What we’ve learned since the Warrnambool fire
Posted on June 4, 2014
3 min read
In March 2013, I published the details into my investigation of the fire at the Warrnambool exchange. For almost six months my professional and personal life was consumed trying to determine not only the cause of the fire but also what we could learn from this experience.
My report made a number of recommendations to protect our customer’s services and our network as well as minimise the chance of such an event ever happening again. I also looked at measures to help us recover more quickly should a similar exchange ever be damaged to the same extent.
Of all the things that we have learned since the fire, one of the biggest surprises actually came after we had restored the Warrnambool Exchange to full working order. In the months following the restoration we noticed a significant drop in the consumption of power at the site which was something that we had not been expecting.
While we were able to consolidate our equipment into fewer rooms leading to a reduction in our requirements for air conditioning, it was the removal of the obsolete and redundant equipment from our network that made the biggest difference.
As a result of this revelation, a number of projects have sprung up across the company as we completely re-think how we power-down redundant equipment.
Not only is our power consumption being reduced, but by removing unnecessary equipment we are also minimising the risk of electrical faults and fires. The equipment is left in situ for spare parts which improves the availability and accessibility to spare parts in our exchanges.

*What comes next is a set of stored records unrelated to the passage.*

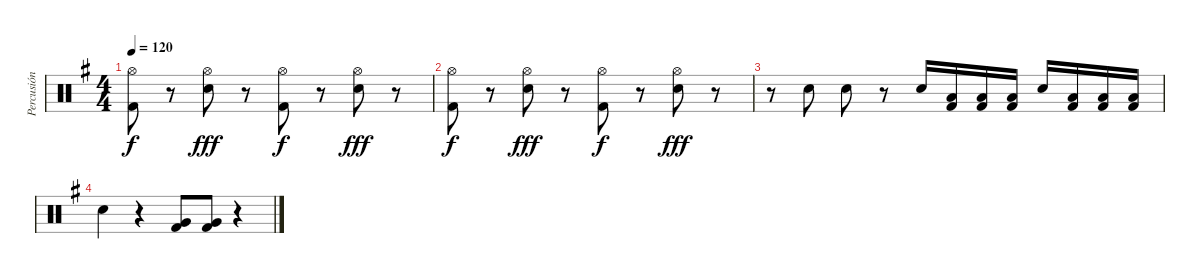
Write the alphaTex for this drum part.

\track ("Percusión" "Percusión") {instrument percussion}
\staff {score}
\articulation defaults
\ts (4 4)
\tempo 120
\clef neutral
\ks g
("Hi-Hat (open)" "Kick (hit) 2").8{dy f} r.8 ("Hi-Hat (open)" "Electric Snare (hit)").8{dy fff} r.8 ("Hi-Hat (open)" "Kick (hit) 2").8{dy f} r.8 ("Hi-Hat (open)" "Electric Snare (hit)").8{dy fff} r.8 |
("Hi-Hat (open)" "Kick (hit) 2").8{dy f} r.8 ("Hi-Hat (open)" "Electric Snare (hit)").8{dy fff} r.8 ("Hi-Hat (open)" "Kick (hit) 2").8{dy f} r.8 ("Hi-Hat (open)" "Electric Snare (hit)").8{dy fff} r.8 |
r.8 "Electric Snare (hit)".8 "Electric Snare (hit)".8 r.8 "Electric Snare (hit)".16 ("Low Floor Tom (hit)" "Kick (hit) 2").16 ("Low Floor Tom (hit)" "Kick (hit) 2").16 ("Low Floor Tom (hit)" "Kick (hit) 2").16 "Electric Snare (hit)".16 ("Low Floor Tom (hit)" "Kick (hit) 2").16 ("Low Floor Tom (hit)" "Kick (hit) 2").16 ("Low Floor Tom (hit)" "Kick (hit) 2").16 |
"Electric Snare (hit)".4 r.4 ("Very Low Tom (hit)" "Kick (hit) 2").8 ("Very Low Tom (hit)" "Kick (hit) 2").8 r.4
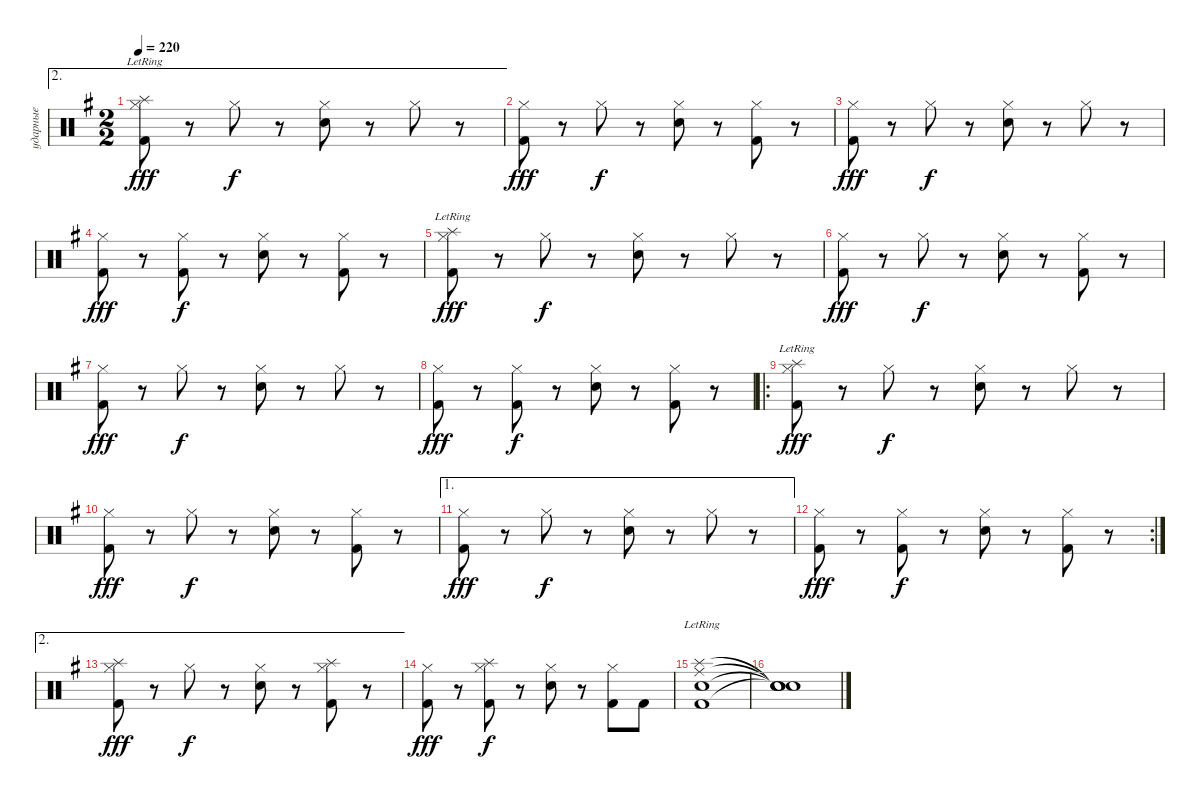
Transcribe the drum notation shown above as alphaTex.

\track ("ударные" "ударные") {instrument percussion}
\staff {score}
\articulation defaults
\ae 2
\ts (2 2)
\tempo 220
\clef neutral
\ks eminor
("Hi-Hat (closed)" "Splash (hit)"{lr} "Kick (hit) 2").8{dy fff} r.8 "Hi-Hat (closed)".8{dy f} r.8 ("Hi-Hat (closed)" "Snare (hit) 2").8 r.8 "Hi-Hat (closed)".8 r.8 |
("Hi-Hat (closed)" "Kick (hit) 2").8{dy fff} r.8 "Hi-Hat (closed)".8{dy f} r.8 ("Hi-Hat (closed)" "Snare (hit) 2").8 r.8 ("Hi-Hat (closed)" "Kick (hit) 2").8 r.8 |
("Hi-Hat (closed)" "Kick (hit) 2").8{dy fff} r.8 "Hi-Hat (closed)".8{dy f} r.8 ("Hi-Hat (closed)" "Snare (hit) 2").8 r.8 "Hi-Hat (closed)".8 r.8 |
("Hi-Hat (closed)" "Kick (hit) 2").8{dy fff} r.8 ("Hi-Hat (closed)" "Kick (hit) 2").8{dy f} r.8 ("Hi-Hat (closed)" "Snare (hit) 2").8 r.8 ("Hi-Hat (closed)" "Kick (hit) 2").8 r.8 |
("Hi-Hat (closed)" "Splash (hit)"{lr} "Kick (hit) 2").8{dy fff} r.8 "Hi-Hat (closed)".8{dy f} r.8 ("Hi-Hat (closed)" "Snare (hit) 2").8 r.8 "Hi-Hat (closed)".8 r.8 |
("Hi-Hat (closed)" "Kick (hit) 2").8{dy fff} r.8 "Hi-Hat (closed)".8{dy f} r.8 ("Hi-Hat (closed)" "Snare (hit) 2").8 r.8 ("Hi-Hat (closed)" "Kick (hit) 2").8 r.8 |
("Hi-Hat (closed)" "Kick (hit) 2").8{dy fff} r.8 "Hi-Hat (closed)".8{dy f} r.8 ("Hi-Hat (closed)" "Snare (hit) 2").8 r.8 "Hi-Hat (closed)".8 r.8 |
("Hi-Hat (closed)" "Kick (hit) 2").8{dy fff} r.8 ("Hi-Hat (closed)" "Kick (hit) 2").8{dy f} r.8 ("Hi-Hat (closed)" "Snare (hit) 2").8 r.8 ("Hi-Hat (closed)" "Kick (hit) 2").8 r.8 |
\ro
("Hi-Hat (closed)" "Splash (hit)"{lr} "Kick (hit) 2").8{dy fff} r.8 "Hi-Hat (closed)".8{dy f} r.8 ("Hi-Hat (closed)" "Snare (hit) 2").8 r.8 "Hi-Hat (closed)".8 r.8 |
("Hi-Hat (closed)" "Kick (hit) 2").8{dy fff} r.8 "Hi-Hat (closed)".8{dy f} r.8 ("Hi-Hat (closed)" "Snare (hit) 2").8 r.8 ("Hi-Hat (closed)" "Kick (hit) 2").8 r.8 |
\ae 1
("Hi-Hat (closed)" "Kick (hit) 2").8{dy fff} r.8 "Hi-Hat (closed)".8{dy f} r.8 ("Hi-Hat (closed)" "Snare (hit) 2").8 r.8 "Hi-Hat (closed)".8 r.8 |
\rc 2
("Hi-Hat (closed)" "Kick (hit) 2").8{dy fff} r.8 ("Hi-Hat (closed)" "Kick (hit) 2").8{dy f} r.8 ("Hi-Hat (closed)" "Snare (hit) 2").8 r.8 ("Hi-Hat (closed)" "Kick (hit) 2").8 r.8 |
\ae 2
("Hi-Hat (closed)" "Splash (hit)" "Kick (hit) 2").8{dy fff} r.8 "Hi-Hat (closed)".8{dy f} r.8 ("Hi-Hat (closed)" "Snare (hit) 2").8 r.8 ("Hi-Hat (closed)" "Splash (hit)" "Kick (hit) 2").8 r.8 |
("Hi-Hat (closed)" "Kick (hit) 2").8{dy fff} r.8 ("Hi-Hat (closed)" "Splash (hit)" "Kick (hit) 2").8{dy f} r.8 ("Hi-Hat (closed)" "Snare (hit) 2").8 r.8 ("Hi-Hat (closed)" "Kick (hit) 2").8 "Kick (hit) 2".8 |
("Ride (middle)"{lr} "Splash (hit)"{lr} "Kick (hit) 2" "Snare (hit) 2").1 |
("Snare (hit)"{t} "Snare (hit)"{t} "Snare (hit)"{t} "Snare (hit)"{t}).1

We also reviewed our fleet of Mobile Exchange on Wheels (MEoWs) and Cells on Wheels (CoWs) which has led to adding two new units to the fleet. A State Mobilenet Radio Cell on Wheels (SMR COW) and, what we are affectionately calling, a ’Big Cat’ MEoW.
The Big Cat MEoW will be the largest MEoW in Telstra’s fleet. It will be able to provide 2000 PSTN lines, 768 ADSL2 lines and three sectors of 3G850/LTE1800 mobile coverage and include room for further technology expansion. Both units are expected to be completed and ready to deploy by 30 June 2014.

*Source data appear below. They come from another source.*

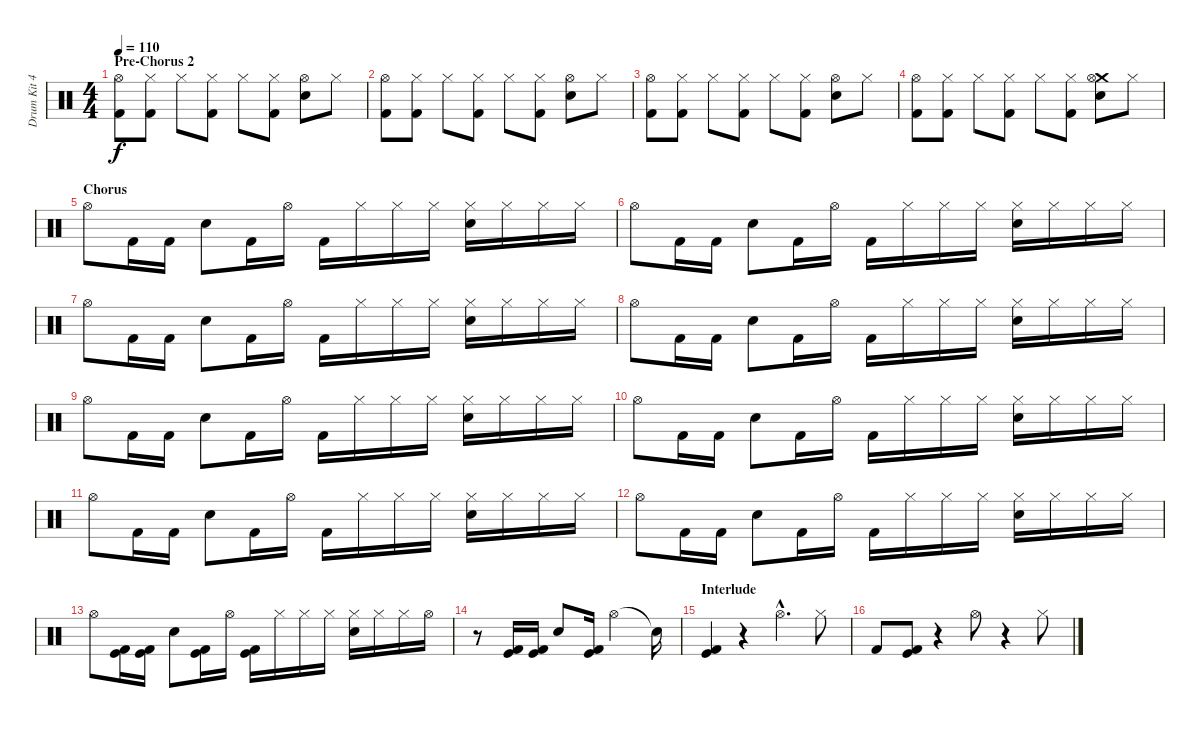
\track ("Drum Kit 42" "Drum Kit 4") {instrument percussion}
\staff {score}
\articulation defaults
\ts (4 4)
\section ("" "Pre-Chorus 2")
\tempo 110
\clef neutral
\ks c
("Hi-Hat (open)" "Kick (hit) 2").8{dy f} ("Hi-Hat (closed)" "Kick (hit) 2").8 "Hi-Hat (closed)".8 ("Hi-Hat (closed)" "Kick (hit) 2").8 "Hi-Hat (closed)".8 ("Hi-Hat (closed)" "Kick (hit) 2").8 ("Hi-Hat (open)" "Snare (hit) 2").8 "Hi-Hat (closed)".8 |
("Hi-Hat (open)" "Kick (hit) 2").8 ("Hi-Hat (closed)" "Kick (hit) 2").8 "Hi-Hat (closed)".8 ("Hi-Hat (closed)" "Kick (hit) 2").8 "Hi-Hat (closed)".8 ("Hi-Hat (closed)" "Kick (hit) 2").8 ("Hi-Hat (open)" "Snare (hit) 2").8 "Hi-Hat (closed)".8 |
("Hi-Hat (open)" "Kick (hit) 2").8 ("Hi-Hat (closed)" "Kick (hit) 2").8 "Hi-Hat (closed)".8 ("Hi-Hat (closed)" "Kick (hit) 2").8 "Hi-Hat (closed)".8 ("Hi-Hat (closed)" "Kick (hit) 2").8 ("Hi-Hat (open)" "Snare (hit) 2").8 "Hi-Hat (closed)".8 |
("Hi-Hat (open)" "Kick (hit) 2").8 ("Hi-Hat (closed)" "Kick (hit) 2").8 "Hi-Hat (closed)".8 ("Hi-Hat (closed)" "Kick (hit) 2").8 "Hi-Hat (closed)".8 ("Hi-Hat (closed)" "Kick (hit) 2").8 ("Crash medium (hit)" "Hi-Hat (open)" "Snare (hit) 2").8 "Hi-Hat (closed)".8 |
\section ("" "Chorus")
"Hi-Hat (open)".8 "Kick (hit) 2".16 "Kick (hit) 2".16 "Snare (hit) 2".8 "Kick (hit) 2".16 "Hi-Hat (open)".16 "Kick (hit) 2".16 "Hi-Hat (closed)".16 "Hi-Hat (closed)".16 "Hi-Hat (closed)".16 ("Hi-Hat (closed)" "Snare (hit) 2").16 "Hi-Hat (closed)".16 "Hi-Hat (closed)".16 "Hi-Hat (closed)".16 |
"Hi-Hat (open)".8 "Kick (hit) 2".16 "Kick (hit) 2".16 "Snare (hit) 2".8 "Kick (hit) 2".16 "Hi-Hat (open)".16 "Kick (hit) 2".16 "Hi-Hat (closed)".16 "Hi-Hat (closed)".16 "Hi-Hat (closed)".16 ("Hi-Hat (closed)" "Snare (hit) 2").16 "Hi-Hat (closed)".16 "Hi-Hat (closed)".16 "Hi-Hat (closed)".16 |
"Hi-Hat (open)".8 "Kick (hit) 2".16 "Kick (hit) 2".16 "Snare (hit) 2".8 "Kick (hit) 2".16 "Hi-Hat (open)".16 "Kick (hit) 2".16 "Hi-Hat (closed)".16 "Hi-Hat (closed)".16 "Hi-Hat (closed)".16 ("Hi-Hat (closed)" "Snare (hit) 2").16 "Hi-Hat (closed)".16 "Hi-Hat (closed)".16 "Hi-Hat (closed)".16 |
"Hi-Hat (open)".8 "Kick (hit) 2".16 "Kick (hit) 2".16 "Snare (hit) 2".8 "Kick (hit) 2".16 "Hi-Hat (open)".16 "Kick (hit) 2".16 "Hi-Hat (closed)".16 "Hi-Hat (closed)".16 "Hi-Hat (closed)".16 ("Hi-Hat (closed)" "Snare (hit) 2").16 "Hi-Hat (closed)".16 "Hi-Hat (closed)".16 "Hi-Hat (closed)".16 |
"Hi-Hat (open)".8 "Kick (hit) 2".16 "Kick (hit) 2".16 "Snare (hit) 2".8 "Kick (hit) 2".16 "Hi-Hat (open)".16 "Kick (hit) 2".16 "Hi-Hat (closed)".16 "Hi-Hat (closed)".16 "Hi-Hat (closed)".16 ("Hi-Hat (closed)" "Snare (hit) 2").16 "Hi-Hat (closed)".16 "Hi-Hat (closed)".16 "Hi-Hat (closed)".16 |
"Hi-Hat (open)".8 "Kick (hit) 2".16 "Kick (hit) 2".16 "Snare (hit) 2".8 "Kick (hit) 2".16 "Hi-Hat (open)".16 "Kick (hit) 2".16 "Hi-Hat (closed)".16 "Hi-Hat (closed)".16 "Hi-Hat (closed)".16 ("Hi-Hat (closed)" "Snare (hit) 2").16 "Hi-Hat (closed)".16 "Hi-Hat (closed)".16 "Hi-Hat (closed)".16 |
"Hi-Hat (open)".8 "Kick (hit) 2".16 "Kick (hit) 2".16 "Snare (hit) 2".8 "Kick (hit) 2".16 "Hi-Hat (open)".16 "Kick (hit) 2".16 "Hi-Hat (closed)".16 "Hi-Hat (closed)".16 "Hi-Hat (closed)".16 ("Hi-Hat (closed)" "Snare (hit) 2").16 "Hi-Hat (closed)".16 "Hi-Hat (closed)".16 "Hi-Hat (closed)".16 |
"Hi-Hat (open)".8 "Kick (hit) 2".16 "Kick (hit) 2".16 "Snare (hit) 2".8 "Kick (hit) 2".16 "Hi-Hat (open)".16 "Kick (hit) 2".16 "Hi-Hat (closed)".16 "Hi-Hat (closed)".16 "Hi-Hat (closed)".16 ("Hi-Hat (closed)" "Snare (hit) 2").16 "Hi-Hat (closed)".16 "Hi-Hat (closed)".16 "Hi-Hat (closed)".16 |
"Hi-Hat (open)".8 ("Kick (hit)" "Kick (hit) 2").16 ("Kick (hit)" "Kick (hit) 2").16 "Snare (hit) 2".8 ("Kick (hit)" "Kick (hit) 2").16 "Hi-Hat (open)".16 ("Kick (hit)" "Kick (hit) 2").16 "Hi-Hat (closed)".16 "Hi-Hat (closed)".16 "Hi-Hat (closed)".16 ("Hi-Hat (closed)" "Snare (hit) 2").16 "Hi-Hat (closed)".16 "Hi-Hat (closed)".16 "Hi-Hat (open)".16 |
r.8 ("Kick (hit)" "Kick (hit) 2").16 ("Kick (hit)" "Kick (hit) 2").16 "Snare (hit) 2".8 ("Kick (hit)" "Kick (hit) 2").16 "Hi-Hat (open)".2 "Snare (hit)"{t}.16 |
\section ("" "Interlude")
("Kick (hit)" "Kick (hit) 2").4 r.4 "Hi-Hat (open)"{hac}.4{d} "Hi-Hat (closed)".8 |
"Kick (hit) 2".8 ("Kick (hit)" "Kick (hit) 2").8 r.4 "Hi-Hat (open)".8 r.4 "Hi-Hat (closed)".8

With a number of other recommendations now incorporated into Telstra’s normal business processes, I’m pleased to say that we have already completed approximately half of my recommendations and we are well on track to complete the remainder. A summary of our progress is available on the About Telstra website.
While we would have preferred the fire at Warrnambool not to have occurred, the lessons we’ve learned will stand us in good stead for the future.